Does the iPad breath new life into YC's "Request for Startups #5: Development on Handhelds"?<p>http://ycombinator.com/rfs5.html<p>http://google.com/search?q=cache:YecsRNG6ZVkJ:ycombinator.com/rfs5.html<p>I could hardly imagine developing an iPhone app on an iPhone -- and I like to pride myself as having a vigorous imagination. But it seems like developing an iPhone app on an iPad would be plausible, maybe even better in some ways than developing on a Mac.<p>Will this scenario lead Apple to loosen its restriction on general-purpose execution environments on the iPad? Would an app that's a Python, Ruby, Javascript, or Lua rapid-app development environment or runtime have a fighting chance of App Store approval for iPad use?
======
albertsun
There are already SSH client's available for both the iPhone/iPad and Android.
Using that to run/edit all code on a remote machine seems like the only viable
way of doing development on a mobile right now.
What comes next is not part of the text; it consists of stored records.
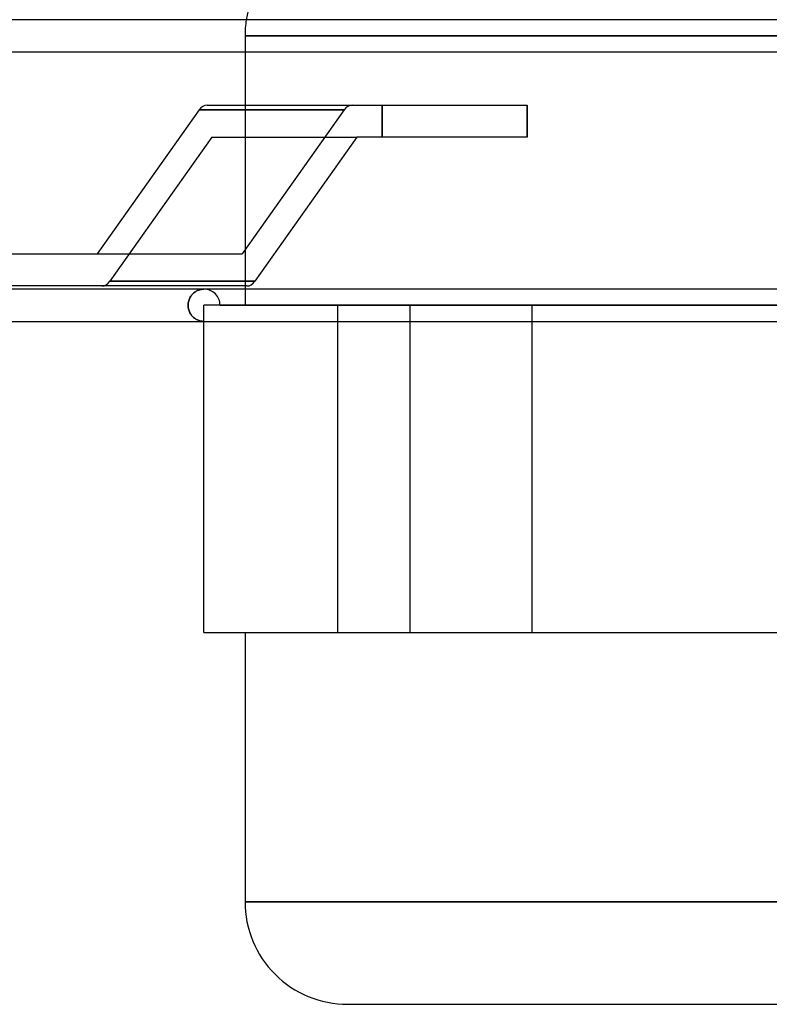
# Model space of a CAD drawing. Header units: millimetres. Extents: x -166 to 166, y -77 to 43.
# Tile 3 of 7: x -57 to -11, y -77 to -16. Entities that reach past the tile are written whole.
import ezdxf

# ---------------------------------------------------------------- set-up
doc = ezdxf.new("R2010")
doc.units = ezdxf.units.MM
doc.layers.add('HIDDEN', color=7, linetype='Continuous')
doc.layers.add('THICK', color=7, linetype='Continuous')

msp = doc.modelspace()

# ---------------------------------------------------------------- linework, layer by layer
at = {"layer": 'HIDDEN'}
for p, q in [((-43.35, -16.775), (0, -16.775)), ((0, -16.775), (-43.35, -16.775)), ((-43.35, -16.775), (-43.35, -17.763)), ((-37.19, -21.368), (-46.206, -21.368)), ((-37.19, -21.368), (-43.524, -30.325)), ((-43.35, -21.075), (-43.35, -32.325)), ((-34.828, -21.075), (-34.828, -23.075)), ((-34.828, -23.075), (-34.828, -21.075)), ((-25.812, -23.075), (-25.812, -21.075)), ((-45.413, -23.075), (-51.746, -32.032)), ((-45.413, -23.075), (-51.746, -32.032)), ((-45.413, -23.075), (-36.397, -23.075)), ((-51.746, -32.032), (-42.731, -32.032)), ((-42.731, -32.032), (-51.746, -32.032)), ((-46.782, -33.069), (-46.751, -33.014)), ((-46.751, -33.014), (-46.782, -33.069)), ((-46.751, -33.014), (-46.719, -32.961)), ((-46.719, -32.961), (-46.751, -33.014)), ((-46.719, -32.961), (-46.683, -32.912)), ((-46.683, -32.912), (-46.719, -32.961)), ((-46.683, -32.912), (-46.646, -32.866)), ((-46.646, -32.866), (-46.683, -32.912)), ((-46.646, -32.866), (-46.607, -32.823)), ((-46.607, -32.823), (-46.646, -32.866)), ((-46.607, -32.823), (-46.566, -32.783)), ((-46.566, -32.783), (-46.607, -32.823)), ((-46.566, -32.783), (-46.523, -32.746)), ((-46.523, -32.746), (-46.566, -32.783)), ((-46.523, -32.746), (-46.479, -32.713)), ((-46.479, -32.713), (-46.523, -32.746)), ((-46.479, -32.713), (-46.435, -32.682)), ((-46.435, -32.682), (-46.479, -32.713)), ((-46.435, -32.682), (-46.389, -32.654)), ((-46.389, -32.654), (-46.435, -32.682)), ((-46.389, -32.654), (-46.342, -32.629)), ((-46.342, -32.629), (-46.389, -32.654)), ((-46.342, -32.629), (-46.295, -32.607)), ((-46.295, -32.607), (-46.342, -32.629)), ((-46.295, -32.607), (-46.247, -32.587)), ((-46.247, -32.587), (-46.295, -32.607)), ((-46.247, -32.587), (-46.198, -32.571)), ((-46.198, -32.571), (-46.247, -32.587)), ((-46.198, -32.571), (-46.149, -32.557)), ((-46.149, -32.557), (-46.198, -32.571)), ((-46.149, -32.557), (-46.1, -32.545)), ((-46.1, -32.545), (-46.149, -32.557)), ((-46.1, -32.545), (-46.05, -32.536)), ((-46.05, -32.536), (-46.1, -32.545)), ((-46.05, -32.536), (-46, -32.53)), ((-46, -32.53), (-46.05, -32.536)), ((-46, -32.53), (-45.95, -32.526)), ((-45.95, -32.526), (-46, -32.53)), ((-45.95, -32.526), (-45.9, -32.525)), ((-45.9, -32.525), (-45.95, -32.526)), ((-43.35, -32.525), (-43.35, -33.525)), ((-46.889, -33.525), (-46.887, -33.455)), ((-46.887, -33.455), (-46.889, -33.525)), ((-46.887, -33.597), (-46.889, -33.525)), ((-46.889, -33.525), (-46.887, -33.597)), ((-46.887, -33.455), (-46.88, -33.386)), ((-46.88, -33.386), (-46.887, -33.455)), ((-46.879, -33.669), (-46.887, -33.597)), ((-46.887, -33.597), (-46.879, -33.669)), ((-46.88, -33.386), (-46.868, -33.319)), ((-46.868, -33.319), (-46.88, -33.386)), ((-46.867, -33.739), (-46.879, -33.669)), ((-46.879, -33.669), (-46.867, -33.739)), ((-46.868, -33.319), (-46.852, -33.253)), ((-46.852, -33.253), (-46.868, -33.319)), ((-46.852, -33.253), (-46.832, -33.189)), ((-46.832, -33.189), (-46.852, -33.253)), ((-46.832, -33.189), (-46.809, -33.128)), ((-46.809, -33.128), (-46.832, -33.189)), ((-46.809, -33.128), (-46.782, -33.069)), ((-46.782, -33.069), (-46.809, -33.128)), ((-45.9, -33.525), (-45.9, -33.525)), ((-25.5, -33.525), (-45.9, -33.525)), ((-45.9, -33.525), (-45.9, -33.525)), ((-45.9, -34.525), (-45.9, -33.525)), ((-44.9, -33.525), (44.9, -33.525)), ((-37.591, -33.525), (-37.591, -53.875)), ((-37.591, -33.525), (-37.591, -53.875)), ((-33.091, -33.525), (-33.091, -53.875)), ((-33.091, -33.525), (-33.091, -53.875)), ((-9.633, -33.525), (-25.5, -33.525)), ((-25.5, -34.525), (-25.5, -33.525)), ((-25.5, -53.875), (-25.5, -33.525)), ((-46.85, -33.807), (-46.867, -33.739)), ((-46.867, -33.739), (-46.85, -33.807)), ((-46.828, -33.873), (-46.85, -33.807)), ((-46.85, -33.807), (-46.828, -33.873)), ((-46.803, -33.936), (-46.828, -33.873)), ((-46.828, -33.873), (-46.803, -33.936)), ((-46.774, -33.996), (-46.803, -33.936)), ((-46.803, -33.936), (-46.774, -33.996)), ((-46.742, -34.053), (-46.774, -33.996)), ((-46.774, -33.996), (-46.742, -34.053)), ((-46.707, -34.106), (-46.742, -34.053)), ((-46.742, -34.053), (-46.707, -34.106)), ((-46.669, -34.156), (-46.707, -34.106)), ((-46.707, -34.106), (-46.669, -34.156)), ((-46.629, -34.203), (-46.669, -34.156)), ((-46.669, -34.156), (-46.629, -34.203)), ((-46.588, -34.246), (-46.629, -34.203)), ((-46.629, -34.203), (-46.588, -34.246)), ((-46.545, -34.286), (-46.588, -34.246)), ((-46.588, -34.246), (-46.545, -34.286)), ((-46.5, -34.322), (-46.545, -34.286)), ((-46.545, -34.286), (-46.5, -34.322)), ((-46.454, -34.355), (-46.5, -34.322)), ((-46.5, -34.322), (-46.454, -34.355)), ((-46.407, -34.386), (-46.454, -34.355)), ((-46.454, -34.355), (-46.407, -34.386)), ((-46.358, -34.413), (-46.407, -34.386)), ((-46.407, -34.386), (-46.358, -34.413)), ((-46.309, -34.437), (-46.358, -34.413)), ((-46.358, -34.413), (-46.309, -34.437)), ((-46.26, -34.458), (-46.309, -34.437)), ((-46.309, -34.437), (-46.26, -34.458)), ((-46.209, -34.476), (-46.26, -34.458)), ((-46.26, -34.458), (-46.209, -34.476)), ((-46.159, -34.491), (-46.209, -34.476)), ((-46.209, -34.476), (-46.159, -34.491)), ((-46.107, -34.503), (-46.159, -34.491)), ((-46.159, -34.491), (-46.107, -34.503)), ((-46.056, -34.513), (-46.107, -34.503)), ((-46.107, -34.503), (-46.056, -34.513)), ((-46.004, -34.52), (-46.056, -34.513)), ((-46.056, -34.513), (-46.004, -34.52)), ((-45.952, -34.524), (-46.004, -34.52)), ((-46.004, -34.52), (-45.952, -34.524)), ((-45.9, -34.525), (-45.952, -34.524)), ((-45.952, -34.524), (-45.9, -34.525)), ((-45.9, -53.875), (-45.9, -53.875)), ((0, -70.625), (-43.35, -70.625))]:
    msp.add_line(p, q, dxfattribs=at)
for centre, radius, start, end in [((-36.975, -16.775), 6.375, 170.8614, 180.00002), ((-45.9, -33.525), 1, 359.99989, 90.0001)]:
    msp.add_arc(centre, radius, start, end, dxfattribs=at)
for centre, major_axis, start_param, end_param in [((-36.69, -22.075), (0, -1), 3.141593, 3.926991), ((-52.246, -31.325), (0, 1), 3.141593, 3.926991), ((-52.246, -31.325), (0, 1), -3.141593, -2.356194)]:
    msp.add_ellipse(centre, major_axis=major_axis, ratio=0.707107, start_param=start_param, end_param=end_param, dxfattribs=at)
at = {"layer": 'THICK'}
for p, q in [((-1, -15.763), (-143.547, -15.763)), ((-143.547, -17.763), (-1, -17.763)), ((-43.35, -17.763), (-43.35, -21.075)), ((-46.206, -21.368), (-52.539, -30.325)), ((-46.206, -21.368), (-37.19, -21.368)), ((-45.706, -21.075), (-36.69, -21.075)), ((-37.19, -21.368), (-43.524, -30.325)), ((-36.69, -21.075), (-25.812, -21.075)), ((-25.812, -21.075), (-25.812, -23.075)), ((-36.397, -23.075), (-42.731, -32.032)), ((-25.812, -23.075), (-36.397, -23.075)), ((-94.31, -30.325), (-43.524, -30.325)), ((-43.231, -32.325), (-95.017, -32.325)), ((-43.35, -32.325), (-43.35, -32.525)), ((-1, -32.525), (-143.547, -32.525)), ((-143.55, -34.525), (0, -34.525)), ((-45.9, -53.875), (-45.9, -34.525)), ((-25.5, -53.875), (-25.5, -34.525)), ((-45.9, -53.875), (-25.5, -53.875)), ((-43.35, -53.875), (-43.35, -70.625)), ((-25.5, -53.875), (25.5, -53.875)), ((-43.35, -70.625), (0, -70.625)), ((-36.975, -77), (36.975, -77))]:
    msp.add_line(p, q, dxfattribs=at)
for centre, start, end in [((-36.975, -16.775), 89.99998, 170.8614), ((-36.975, -70.625), 180.00002, 270.00002)]:
    msp.add_arc(centre, 6.375, start, end, dxfattribs=at)
for centre, major_axis, start_param, end_param in [((-45.706, -22.075), (0, 1), 0, 0.785398), ((-36.69, -22.075), (0, -1), -3.141593, -2.356194), ((-43.231, -31.325), (0, -1), 0, 0.785398)]:
    msp.add_ellipse(centre, major_axis=major_axis, ratio=0.707107, start_param=start_param, end_param=end_param, dxfattribs=at)

doc.saveas('drawing.dxf')
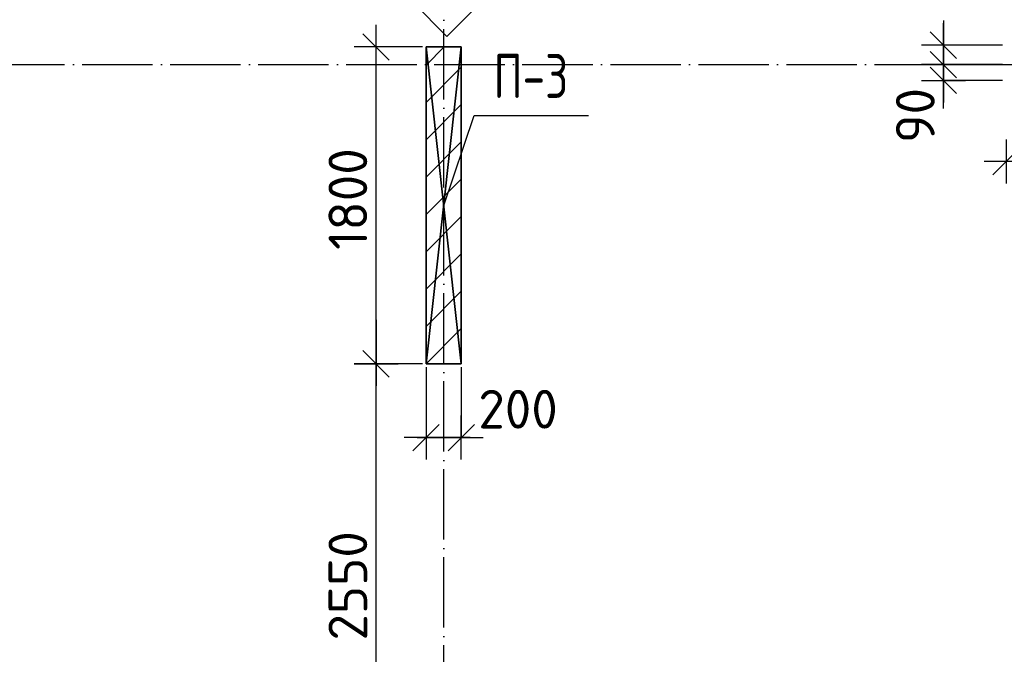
# Model space of a CAD drawing. Header units: millimetres. Extents: x 40580 to 559114, y -343730 to 81020.
# Tile 76 of 256: x 208332 to 213926, y -78654 to -75049. Entities that reach past the tile are written whole.
import ezdxf
from ezdxf.enums import TextEntityAlignment as Align

# ---------------------------------------------------------------- set-up
doc = ezdxf.new("R2010")
doc.units = ezdxf.units.MM
doc.linetypes.add('______11', pattern=[500, 400, -50, 0, -50])
doc.linetypes.add('______5', pattern=[1100, 800, -100, 100, -100])
for name, color, linetype in [('_________1_', 7, 'Continuous'), ('__________________01', 4, 'Continuous'), ('___________________', 253, '______5'), ('______________________', 7, 'Continuous')]:
    doc.layers.add(name, color=color, linetype=linetype)
doc.layers.add('Standard', color=7, linetype='Continuous', lineweight=25)
doc.styles.add('GOST_ALLPLAN_TYPE_A', font='GOST AllPlan type A')
doc.styles.add('ISOCPEUR', font='isocpeur.ttf')

# ---------------------------------------------------------------- blocks, each defined once
blk = doc.blocks.new('ALL_ML_STRICH')
at = {"color": 0, "linetype": 'ByBlock', "lineweight": -2}
for p, q in [((0, -0.5), (0, 0.5)), ((-0.3, -0.3), (0.3, 0.3)), ((-1, 0), (0.5, 0))]:
    blk.add_line(p, q, dxfattribs=at)

msp = doc.modelspace()

# ---------------------------------------------------------------- linework, layer by layer
at = {"layer": '_________1_', "color": 253, "linetype": '______11'}
for p, q in [((210640.4, -75307.3), (210743.7, -75204.1)), ((210640.4, -75731.6), (210840.4, -75531.6)), ((210640.4, -76155.8), (210840.4, -75955.8)), ((210640.4, -76580.1), (210840.4, -76380.1)), ((210640.7, -77004.1), (210840.4, -76804.4))]:
    msp.add_line(p, q, dxfattribs=at)
at = {"layer": '_________1_', "color": 253, "linetype": '______5'}
for p, q in [((210640.4, -75519.4), (210840.4, -75319.4)), ((210640.4, -75943.7), (210840.4, -75743.7)), ((210640.4, -76368), (210840.4, -76168)), ((210640.4, -76792.2), (210840.4, -76592.2))]:
    msp.add_line(p, q, dxfattribs=at)
at = {"layer": '__________________01', "color": 7, "linetype": 'Continuous'}
for p, q in [((210740.6, -76104.1), (210913.2, -75593.6)), ((210913.2, -75593.6), (211563.2, -75593.6))]:
    msp.add_line(p, q, dxfattribs=at)
at = {"layer": '___________________', "color": 253, "linetype": '______11'}
for p, q in [((210740.5, -85004.1), (210740.5, -64804.1)), ((210740.5, -85004.1), (210740.5, -64804.1)), ((177180.5, -75304.1), (224260.5, -75304.1)), ((177180.5, -75304.1), (224260.5, -75304.1))]:
    msp.add_line(p, q, dxfattribs=at)
at = {"layer": '______________________', "color": 253, "linetype": 'Continuous'}
for p, q in [((210620.4, -75204.1), (210356.1, -75204.1)), ((213915.5, -75194.1), (213579.8, -75194.1)), ((213915.5, -75304.1), (213579.8, -75304.1)), ((213915.5, -75304.1), (213579.8, -75304.1)), ((213915.5, -75394.1), (213579.8, -75394.1)), ((210620.4, -77004.1), (210356.1, -77004.1)), ((210620.4, -77004.1), (210356.1, -77004.1)), ((210640.4, -77024.1), (210640.4, -77423.5)), ((210840.4, -77024.1), (210840.4, -77423.5))]:
    msp.add_line(p, q, dxfattribs=at)
at = {"layer": '______________________', "color": 7, "linetype": 'Continuous'}
for p, q in [((210356.1, -77004.1), (210356.1, -75204.1)), ((213579.8, -75304.1), (213579.8, -75194.1)), ((213579.8, -75394.1), (213579.8, -75304.1)), ((210356.1, -79554.1), (210356.1, -77004.1)), ((210640.4, -77423.5), (210840.4, -77423.5))]:
    msp.add_line(p, q, dxfattribs=at)
at = {"layer": 'Standard', "color": 7, "linetype": 'Continuous'}
msp.add_lwpolyline([(210759.2, -74763.6), (210949.8, -74954.1), (210759.2, -75144.7), (210568.6, -74954.1), (210759.2, -74763.6)], close=True, dxfattribs=at)

# ---------------------------------------------------------------- block references
at = {"layer": '______________________', "color": 7, "linetype": 'Continuous', "xscale": 250, "yscale": 250, "zscale": 250}
for p, rotation in [((213579.8, -75304.1), 270), ((210356.1, -75204.1), 90), ((213579.8, -75194.1), 90), ((213579.8, -75394.1), 270), ((213579.8, -75304.1), 90), ((213935.5, -75855.4), 180), ((210356.1, -77004.1), 270), ((210356.1, -77004.1), 90), ((210640.4, -77423.5), 180)]:
    msp.add_blockref('ALL_ML_STRICH', p, dxfattribs=dict(at, rotation=rotation))
msp.add_blockref('ALL_ML_STRICH', (210840.4, -77423.5), dxfattribs=at)

# ---------------------------------------------------------------- texts
at = {"layer": '__________________01', "color": 7, "linetype": 'Continuous', "style": 'GOST_ALLPLAN_TYPE_A', "width": 0.741898}
msp.add_text('П-3', height=250, dxfattribs=at).set_placement((211023.4, -75494.3), (211448.4, -75494.3), align=Align.FIT)
at = {"layer": '______________________', "color": 7, "style": 'ISOCPEUR'}
for s, p in [('90', (213529.9, -75749.9)), ('1800', (210306.1, -76357.1)), ('2550', (210306.1, -78576.1))]:
    msp.add_text(s, height=220, rotation=90, dxfattribs=at).set_placement(p)
msp.add_text('200', height=220, dxfattribs=at).set_placement((210937.2, -77371.9))

# ---------------------------------------------------------------- meshes
at = {"layer": '_________1_'}
mesh = msp.add_polyface(dxfattribs=at)
corners = [(210640.4, -75204.1, -3800), (210640.4, -77004.1, -3800), (210640.4, -77004.1, -350), (210640.4, -75204.1, -350)]
mesh.append_faces([[corners[k] for k in face] for face in [(1, 2, 0)]], dxfattribs={"vtx1": -1})
mesh.append_faces([[corners[k] for k in face] for face in [(2, 3, 0)]], dxfattribs={"vtx2": -1})
mesh = msp.add_polyface(dxfattribs=at)
corners = [(210840.4, -75204.1, -3800), (210640.4, -75204.1, -3800), (210640.4, -75204.1, -350), (210840.4, -75204.1, -350)]
mesh.append_faces([[corners[k] for k in face] for face in [(1, 2, 0)]], dxfattribs={"vtx1": -1})
mesh.append_faces([[corners[k] for k in face] for face in [(2, 3, 0)]], dxfattribs={"vtx2": -1})
mesh = msp.add_polyface(dxfattribs=at)
corners = [(210840.4, -75204.1, -350), (210640.4, -75204.1, -350), (210640.4, -77004.1, -350), (210840.4, -77004.1, -350)]
mesh.append_faces([[corners[k] for k in face] for face in [(1, 2, 0)]], dxfattribs={"vtx1": -1})
mesh.append_faces([[corners[k] for k in face] for face in [(2, 3, 0)]], dxfattribs={"vtx2": -1})
mesh = msp.add_polyface(dxfattribs=at)
corners = [(210640.4, -75204.1, -3800), (210840.4, -75204.1, -3800), (210840.4, -77004.1, -3800), (210640.4, -77004.1, -3800)]
mesh.append_faces([[corners[k] for k in face] for face in [(1, 2, 0)]], dxfattribs={"vtx1": -1})
mesh.append_faces([[corners[k] for k in face] for face in [(2, 3, 0)]], dxfattribs={"vtx2": -1})
mesh = msp.add_polyface(dxfattribs=at)
corners = [(210840.4, -77004.1, -3800), (210840.4, -75204.1, -3800), (210840.4, -75204.1, -350), (210840.4, -77004.1, -350)]
mesh.append_faces([[corners[k] for k in face] for face in [(1, 2, 0)]], dxfattribs={"vtx1": -1})
mesh.append_faces([[corners[k] for k in face] for face in [(2, 3, 0)]], dxfattribs={"vtx2": -1})
mesh = msp.add_polyface(dxfattribs=at)
corners = [(210640.4, -77004.1, -3800), (210840.4, -77004.1, -3800), (210840.4, -77004.1, -350), (210640.4, -77004.1, -350)]
mesh.append_faces([[corners[k] for k in face] for face in [(1, 2, 0)]], dxfattribs={"vtx1": -1})
mesh.append_faces([[corners[k] for k in face] for face in [(2, 3, 0)]], dxfattribs={"vtx2": -1})

doc.saveas('drawing.dxf')

A set of sysadmin and server monitoring tools might be a more manageable
intermediate step towards full fledged development on locals.

------
wmf
What if you edit locally and run in the cloud? Why not double down on that
lock-in?

------
gills
The ergonomics are still going to be horrible crouching over that thing for
hours on end. It may be possible but it sounds painful.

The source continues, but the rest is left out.